Martin and Tamara, who have virtually nothing in common, will enter into a marriage of convenience and will have to live together, much to their chagrin. Martin’s house becomes the theatre of a minor battle for territory, where each party simultaneously tries to retain some privacy and lay bare their own vision of the couple. Suffice it to say that the Belgian authorities take a dim view of this unlikely marriage, and the two partners will have to act out the farce again and again.

With Third Wedding, Lambert fleshes out a situation that was already at the core of his two previous films: the face-off between two human beings who are polar opposites, and who will have to learn to live together. But this time, the director adopts a different tone. While Beyond the Walls and All Yours did offer a few comic breathers peppered throughout their dramatic stories, Third Wedding is a tender and dramatic comedy, which goes out on a limb and laughs at something that is often not funny in the slightest.
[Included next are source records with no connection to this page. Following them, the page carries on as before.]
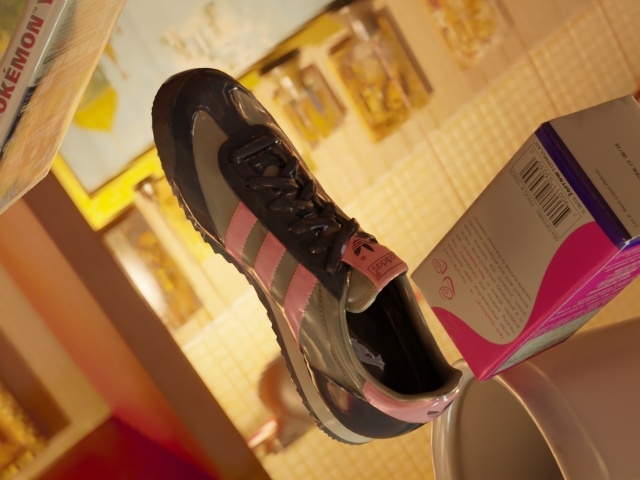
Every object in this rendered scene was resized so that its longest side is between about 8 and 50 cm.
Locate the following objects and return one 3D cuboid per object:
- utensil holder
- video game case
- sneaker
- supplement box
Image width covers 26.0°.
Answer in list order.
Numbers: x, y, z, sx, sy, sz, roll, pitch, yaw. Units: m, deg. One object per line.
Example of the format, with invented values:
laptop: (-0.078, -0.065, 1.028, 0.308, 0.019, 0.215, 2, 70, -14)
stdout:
utensil holder: (0.347, 0.224, 1.316, 0.385, 0.328, 0.327, -12, -161, -18)
video game case: (-0.162, -0.100, 0.828, 0.183, 0.023, 0.201, -62, -176, 15)
sneaker: (0.000, 0.000, 1.017, 0.112, 0.319, 0.131, -39, -170, -36)
supplement box: (0.183, 0.002, 1.093, 0.114, 0.111, 0.220, -19, 159, -37)

It’s a comedy that chooses to believe that we all get a second chance.

Along the way, and quite unexpectedly, Third Wedding succeeds in offering Tamara, who is deprived of a Belgian identity, a believable identity as a character by surpassing the migrant stereotype. The film is committed to using fiction to address important, timely societal issues by giving them depth and substance, without placing them at the centre of the discussion, but rather by tackling them side-on, almost implicitly.

To carry these characters, Lambert has opted for the sheer spontaneity of Rachel Mwanza, a young Congolese actress who rose to fame in War Witch a few years ago. She is paired with Bouli Lanners in a totally new role for the Walloon thesp, that of a rather grumpy old set designer, a fickle but grieving homosexual who is trying to survive and give his life some meaning.

Third Wedding was produced by Frakas Production, which also staged the first two features by the director, in co-production with Bidibul Productions (Luxembourg) and Ema Films (Canada). It is being distributed in Belgium by O'Brother Distribution and sold abroad by Canadian company Filmoption International.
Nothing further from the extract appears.